Exercise details: Reduce the material below to its lines containing "object".

Provided material:
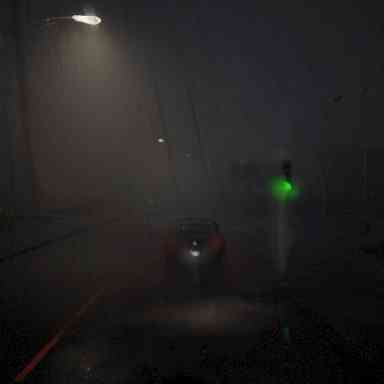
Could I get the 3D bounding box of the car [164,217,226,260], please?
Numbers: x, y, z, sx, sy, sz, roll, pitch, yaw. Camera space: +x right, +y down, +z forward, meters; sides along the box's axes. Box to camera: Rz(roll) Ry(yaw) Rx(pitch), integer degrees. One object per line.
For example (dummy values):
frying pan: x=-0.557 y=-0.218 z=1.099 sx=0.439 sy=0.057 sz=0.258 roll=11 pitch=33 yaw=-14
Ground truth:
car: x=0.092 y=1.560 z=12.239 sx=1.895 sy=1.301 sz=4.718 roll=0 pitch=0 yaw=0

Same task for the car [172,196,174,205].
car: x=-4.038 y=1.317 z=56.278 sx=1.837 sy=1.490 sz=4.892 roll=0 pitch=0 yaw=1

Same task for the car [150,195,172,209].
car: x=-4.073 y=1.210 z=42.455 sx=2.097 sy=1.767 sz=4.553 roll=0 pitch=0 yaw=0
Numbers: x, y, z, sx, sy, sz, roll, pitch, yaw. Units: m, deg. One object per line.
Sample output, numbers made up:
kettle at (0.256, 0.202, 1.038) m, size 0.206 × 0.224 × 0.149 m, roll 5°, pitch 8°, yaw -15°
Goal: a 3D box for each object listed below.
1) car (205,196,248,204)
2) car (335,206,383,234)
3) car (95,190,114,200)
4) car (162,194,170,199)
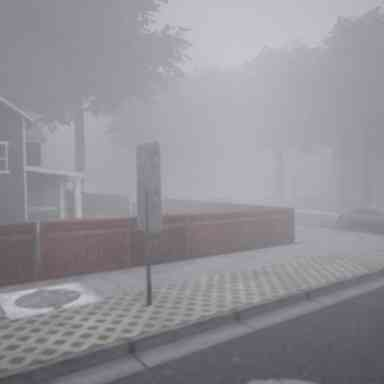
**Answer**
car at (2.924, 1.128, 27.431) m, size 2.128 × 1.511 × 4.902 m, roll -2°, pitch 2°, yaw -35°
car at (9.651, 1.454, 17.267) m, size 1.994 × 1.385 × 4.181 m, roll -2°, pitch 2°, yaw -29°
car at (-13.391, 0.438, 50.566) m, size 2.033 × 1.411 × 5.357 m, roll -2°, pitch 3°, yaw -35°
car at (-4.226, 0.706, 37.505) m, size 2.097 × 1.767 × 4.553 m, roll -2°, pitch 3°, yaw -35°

--

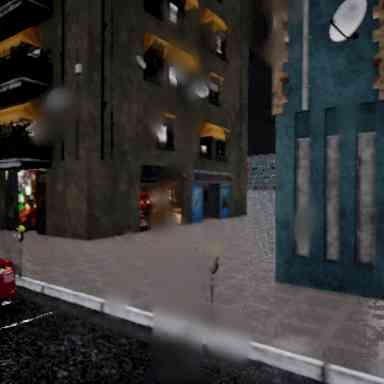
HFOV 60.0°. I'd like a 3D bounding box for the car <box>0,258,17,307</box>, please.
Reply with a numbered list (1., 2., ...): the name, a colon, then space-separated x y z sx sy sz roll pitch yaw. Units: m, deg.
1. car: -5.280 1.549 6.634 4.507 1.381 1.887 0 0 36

==

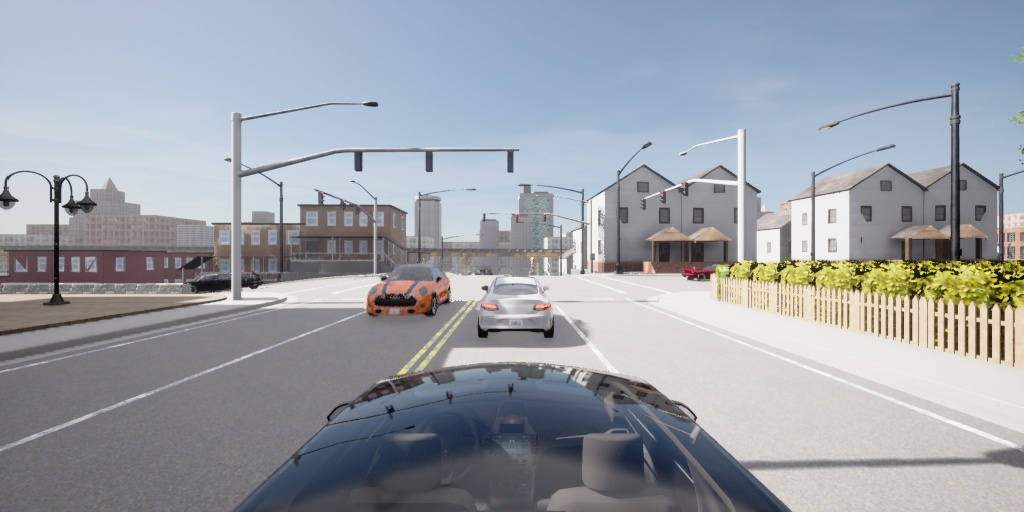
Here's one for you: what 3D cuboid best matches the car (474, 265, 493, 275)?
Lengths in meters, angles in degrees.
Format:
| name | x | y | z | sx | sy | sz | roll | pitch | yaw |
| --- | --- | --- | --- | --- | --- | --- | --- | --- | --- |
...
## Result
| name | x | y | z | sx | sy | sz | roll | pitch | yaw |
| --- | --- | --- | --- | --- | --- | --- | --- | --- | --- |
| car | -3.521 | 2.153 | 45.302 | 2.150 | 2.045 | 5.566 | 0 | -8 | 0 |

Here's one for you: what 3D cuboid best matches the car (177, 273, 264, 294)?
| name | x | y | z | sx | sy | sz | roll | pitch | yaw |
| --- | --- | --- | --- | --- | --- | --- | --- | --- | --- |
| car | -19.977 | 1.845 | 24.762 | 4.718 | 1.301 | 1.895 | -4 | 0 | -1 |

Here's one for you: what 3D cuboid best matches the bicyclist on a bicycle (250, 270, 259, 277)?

Response to this exercise:
Numbers: x, y, z, sx, sy, sz, roll, pitch, yaw. Camera space: +x right, +y down, +z forward, meters; sides along the box's axes. Box to camera: Rz(roll) Ry(yaw) Rx(pitch), integer degrees. One object per line.
Numbers: x, y, z, sx, sy, sz, roll, pitch, yaw. Units: m, deg. One object per line.
Goal: a 3D box for each object listed below.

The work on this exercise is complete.